Blackmore v. Davis Oil Co.

ROONEY, Chief Justice,

dissenting.

I disagree with that said in the majority opinion in only two respects:

I

I question the characterization of the affidavit of a consulting petroleum engineer as “merely” expressing his opinion on the question of whether or not the drilling was on the “prospect” of Blackmore. Even if performance by appellees under the contract necessitated the use of Blackmore’s geology — an element that is certainly not in the contract as drawn by appellees — expert testimony in the form of an opinion is the only available evidence to counter a bald assertion that the geology was not used. The affidavit set forth the identity of the material upon which the opinion was based and the geology resulting therefrom. The affidavit of Gordon Heele reflects that he conceived the “project” as a stratigraphic one and that Blackmore’s geology was a structural one. A “prospect” may be discovered either way. Blackmore’s earlier conclusion was verified by Heele, whether or not the same method was used.
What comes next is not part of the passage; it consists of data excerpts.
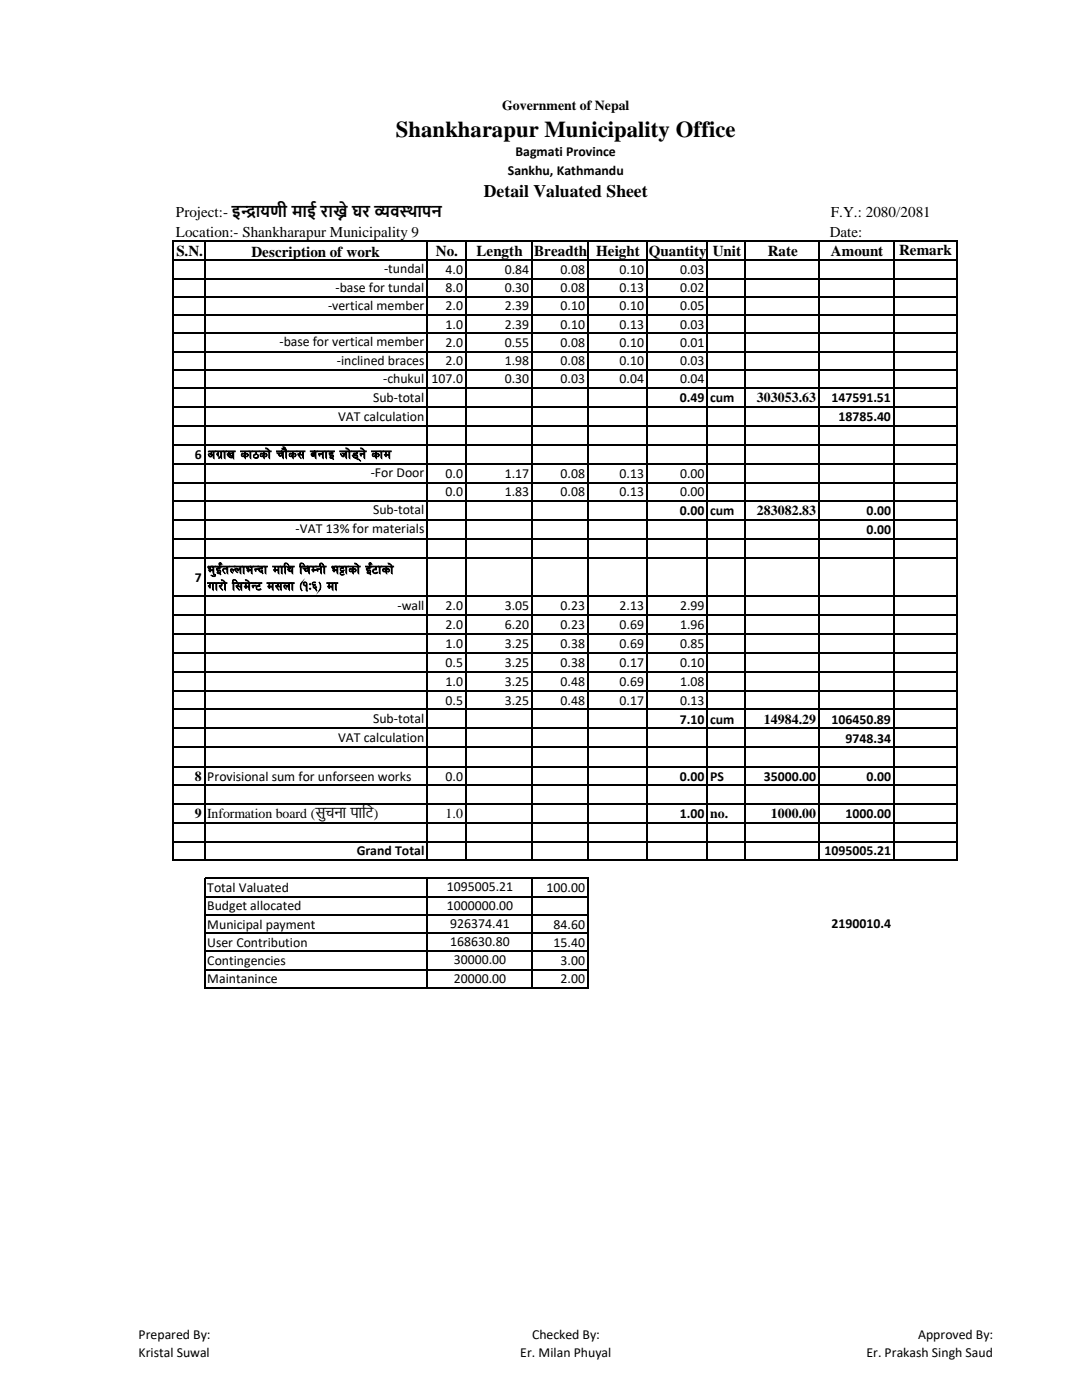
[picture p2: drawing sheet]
<svg xmlns="http://www.w3.org/2000/svg" width="216mm" height="279mm" viewBox="0 0 216 279" stroke-linecap="round" stroke-linejoin="round" font-family="sans-serif">
<defs><g id="words">
<text font-size="4.5" x="79" y="27.3">Shankharapur Municipality Office</text>
<text font-size="3.5" x="96.5" y="39.4">Detail Valuated Sheet</text>
<g font-size="3">
<text x="35.1" y="43.3">Project:- इनायणीमाई राखेघर ववसथापन</text>
<text x="35.1" y="47.3">Location:- Shankharapur Municipality 9</text>
<text x="48.1" y="43.3">्</text>
<text x="48.1" y="43.3">द</text>
<text x="48.1" y="43.3">र</text>
<text x="66.5" y="43.3">्</text>
<text x="66.5" y="43.3">न</text>
<text x="74.7" y="43.3">् ्</text>
<text x="74.7" y="43.3">य</text>
<text x="165.6" y="47.3">Date:</text>
<text x="165.8" y="43.3">F.Y.: 2080/2081</text>
<text x="35.2" y="51.1">S.N.</text>
<text x="50.2" y="51.2">Description of work</text>
<text x="87" y="51">No.</text>
<text x="95.1" y="51">Length</text>
<text x="106.6" y="51">Breadth</text>
<text x="119" y="51">Height</text>
<text x="129.5" y="51">Quantity</text>
<text x="142.2" y="51">Unit</text>
<text x="153.2" y="51">Rate</text>
<text x="165.8" y="51">Amount</text>
<text x="179.4" y="50.8">Remark</text>
<text x="41.4" y="91.5">cu|fv sf7sf] rf}s; agfO hf]8\g] sfd</text>
<text x="41.4" y="114.5">e'O{+tNnfeGbf dfly lrDgL e§fsf] O{+6fsf]</text>
<text x="41.4" y="117.8">uf/f] l;d]G6 d;nf -!M^_ df</text>
</g>
<g font-size="2.8">
<text x="100.2" y="21.9">Government of Nepal</text>
<text x="101.3" y="34.8">Sankhu, Kathmandu</text>
<text x="102.9" y="31.2">Bagmati Province</text>
<text x="66.9" y="58.2">-base for tundal</text>
<text x="76.6" y="54.5">-tundal</text>
<text x="88.9" y="54.7">4.0</text>
<text x="88.9" y="58.3">8.0</text>
<text x="100.7" y="54.7">0.84</text>
<text x="100.7" y="58.3">0.30</text>
<text x="111.9" y="54.7">0.08</text>
<text x="111.9" y="58.3">0.08</text>
<text x="123.6" y="54.7">0.10</text>
<text x="123.6" y="58.3">0.13</text>
<text x="135.7" y="54.7">0.03</text>
<text x="135.7" y="58.3">0.02</text>
<text x="65.5" y="61.8">-vertical member</text>
<text x="88.9" y="62">2.0</text>
<text x="88.9" y="65.6">1.0</text>
<text x="100.7" y="62">2.39</text>
<text x="100.7" y="65.6">2.39</text>
<text x="111.9" y="62">0.10</text>
<text x="111.9" y="65.6">0.10</text>
<text x="123.6" y="62">0.10</text>
<text x="123.6" y="65.6">0.13</text>
<text x="135.7" y="62">0.05</text>
<text x="135.7" y="65.6">0.03</text>
<text x="55.8" y="69.1">-base for vertical member</text>
<text x="88.9" y="69.2">2.0</text>
<text x="100.7" y="69.2">0.55</text>
<text x="111.9" y="69.2">0.08</text>
<text x="123.6" y="69.2">0.10</text>
<text x="135.7" y="69.2">0.01</text>
<text x="67.2" y="72.7">-inclined braces</text>
<text x="76.5" y="76.4">-chukul</text>
<text x="86.1" y="76.5">107.0</text>
<text x="88.9" y="72.9">2.0</text>
<text x="100.7" y="72.9">1.98</text>
<text x="100.7" y="76.5">0.30</text>
<text x="111.9" y="72.9">0.08</text>
<text x="111.9" y="76.5">0.03</text>
<text x="123.6" y="72.9">0.10</text>
<text x="123.6" y="76.5">0.04</text>
<text x="135.7" y="72.9">0.03</text>
<text x="135.7" y="76.5">0.04</text>
<text x="67.5" y="83.9">VAT calculation</text>
<text x="74.4" y="80.2">Sub-total</text>
<text x="135.7" y="80.3">0.49</text>
<text x="141.7" y="80.3">cum</text>
<text x="151" y="80.3">303053.63</text>
<text x="165.9" y="80.3">147591.51</text>
<text x="167.3" y="84">18785.40</text>
<text x="38.9" y="91.7">6</text>
<text x="74" y="95.3">-For Door</text>
<text x="88.9" y="95.4">0.0</text>
<text x="100.7" y="95.4">1.17</text>
<text x="111.9" y="95.4">0.08</text>
<text x="123.6" y="95.4">0.13</text>
<text x="135.7" y="95.4">0.00</text>
<text x="88.9" y="99">0.0</text>
<text x="100.7" y="99">1.83</text>
<text x="111.9" y="99">0.08</text>
<text x="123.6" y="99">0.13</text>
<text x="135.7" y="99">0.00</text>
<text x="59" y="106.4">-VAT 13% for materials</text>
<text x="74.4" y="102.7">Sub-total</text>
<text x="135.7" y="102.8">0.00</text>
<text x="141.7" y="102.8">cum</text>
<text x="151" y="102.8">283082.83</text>
<text x="172.9" y="102.8">0.00</text>
<text x="172.9" y="106.6">0.00</text>
<text x="38.9" y="116.1">7</text>
<text x="79.3" y="121.7">-wall</text>
<text x="88.9" y="121.8">2.0</text>
<text x="88.9" y="125.6">2.0</text>
<text x="100.7" y="121.8">3.05</text>
<text x="100.7" y="125.6">6.20</text>
<text x="111.9" y="121.8">0.23</text>
<text x="111.9" y="125.6">0.23</text>
<text x="123.6" y="121.8">2.13</text>
<text x="123.6" y="125.6">0.69</text>
<text x="135.7" y="121.8">2.99</text>
<text x="135.7" y="125.6">1.96</text>
<text x="88.9" y="129.4">1.0</text>
<text x="100.7" y="129.4">3.25</text>
<text x="111.9" y="129.4">0.38</text>
<text x="123.6" y="129.4">0.69</text>
<text x="135.7" y="129.4">0.85</text>
<text x="88.9" y="133.1">0.5</text>
<text x="88.9" y="136.9">1.0</text>
<text x="100.7" y="133.1">3.25</text>
<text x="100.7" y="136.9">3.25</text>
<text x="111.9" y="133.1">0.38</text>
<text x="111.9" y="136.9">0.48</text>
<text x="123.6" y="133.1">0.17</text>
<text x="123.6" y="136.9">0.69</text>
<text x="135.7" y="133.1">0.10</text>
<text x="135.7" y="136.9">1.08</text>
<text x="88.9" y="140.7">0.5</text>
<text x="100.7" y="140.7">3.25</text>
<text x="111.9" y="140.7">0.48</text>
<text x="123.6" y="140.7">0.17</text>
<text x="135.7" y="140.7">0.13</text>
<text x="67.5" y="148.1">VAT calculation</text>
<text x="74.4" y="144.3">Sub-total</text>
<text x="135.7" y="144.4">7.10</text>
<text x="141.7" y="144.4">cum</text>
<text x="152.4" y="144.4">14984.29</text>
<text x="165.9" y="144.4">106450.89</text>
<text x="168.7" y="148.2">9748.34</text>
<text x="38.9" y="155.9">8</text>
<text x="41.4" y="155.9">Provisional sum for unforseen works</text>
<text x="88.9" y="155.8">0.0</text>
<text x="135.7" y="155.8">0.00</text>
<text x="141.7" y="155.8">PS</text>
<text x="152.4" y="155.8">35000.00</text>
<text x="172.9" y="155.8">0.00</text>
<text x="38.9" y="163.3">9</text>
<text x="41.4" y="163.3">Information board (सु</text>
<text x="64.9" y="163.3">चना पाट</text>
<text x="72.9" y="163.3">ि)</text>
<text x="88.9" y="163.3">1.0</text>
<text x="135.7" y="163.3">1.00</text>
<text x="141.7" y="163.3">no.</text>
<text x="153.8" y="163.3">1000.00</text>
<text x="168.7" y="163.3">1000.00</text>
<text x="71.2" y="170.6">Grand Total</text>
<text x="164.5" y="170.7">1095005.21</text>
<text x="41.4" y="178">Total Valuated</text>
<text x="89.2" y="177.9">1095005.21</text>
<text x="109.1" y="178">100.00</text>
<text x="41.4" y="181.7">Budget allocated</text>
<text x="41.4" y="185.3">Municipal payment</text>
<text x="89.2" y="181.5">1000000.00</text>
<text x="89.9" y="185.2">926374.41</text>
<text x="110.5" y="185.3">84.60</text>
<text x="165.9" y="185.3">2190010.4</text>
<text x="41.4" y="189">User Contribution</text>
<text x="89.9" y="188.8">168630.80</text>
<text x="110.5" y="189">15.40</text>
<text x="41.4" y="192.6">Contingencies</text>
<text x="41.4" y="196.3">Maintanince</text>
<text x="90.6" y="192.4">30000.00</text>
<text x="90.6" y="196.1">20000.00</text>
<text x="111.9" y="192.6">3.00</text>
<text x="111.9" y="196.3">2.00</text>
<text x="27.7" y="267.2">Prepared By:</text>
<text x="106.2" y="267.2">Checked By:</text>
<text x="183.2" y="267.2">Approved By:</text>
<text x="27.7" y="270.8">Kristal Suwal</text>
<text x="103.8" y="270.8">Er. Milan Phuyal</text>
<text x="172.9" y="270.8">Er. Prakash Singh Saud</text>
</g>
</g></defs>
<g fill="none" stroke="#000" stroke-width=".25">
<path d="M34.6 48.1v123.7M34.7 48.2h156.4M34.7 52h156.4M34.7 55.6h156.4M34.7 59.2h156.4M40.8 48.3v123.5M85.1 48.3v123.5M92.9 48.3v123.5M106.2 48.3v123.5M117.3 48.3v123.5M129.1 48.3v123.5M141.1 48.3v123.5"/>
<path d="M148.7 48.3v123.5M163.4 48.3v123.5M178.4 48.3v123.5M190.9 48.3v123.5M34.7 62.9h156.4M34.7 66.5h156.4M34.7 70.2h156.4M34.7 73.8h156.4M34.7 77.4h156.4M34.7 81.2h156.4M34.7 85h156.4M34.7 88.7h156.4"/>
<path d="M34.7 92.7h156.4M34.7 96.3h156.4M34.7 100h156.4M34.7 103.7h156.4M34.7 107.5h156.4M34.7 111.3h156.4M34.7 119h156.4M34.7 122.7h156.4M34.7 126.5h156.4M34.7 130.3h156.4M34.7 134.1h156.4M34.7 137.8h156.4"/>
<path d="M34.7 141.6h156.4M34.7 145.4h156.4M34.7 149.1h156.4M34.7 153.1h156.4M34.7 156.7h156.4M34.7 160.5h156.4M34.7 164.2h156.4M34.7 168h156.4M34.7 171.7h156.4M40.8 175.2v22.1M40.9 175.3h76.5M40.9 178.9h76.5"/>
<path d="M85.1 175.4v21.9M106.2 175.4v21.9M117.3 175.4v21.9M40.9 182.6h76.5M40.9 186.2h76.5M40.9 189.9h76.5M40.9 193.5h76.5M40.9 197.1h76.5"/>
</g>
<use href="#words"/>
</svg>

A summary judgment is not appropriate where expert testimony is required in order to make a finding of fact. Mealey v. City of Laramie, Wyo., 472 P.2d 787 (1970), on remand 485 P.2d 1019 (1971), appeal dismissed 404 U.S. 931, 92 S.Ct. 282, 30 L.Ed.2d 245 (1971). Accordingly, a material factual issue is present if the contract is interpreted to require the use of Blackmore’s geology as a condition upon which he was to be paid. If it is not so interpreted, the only defense is one of laches — to be discussed infra.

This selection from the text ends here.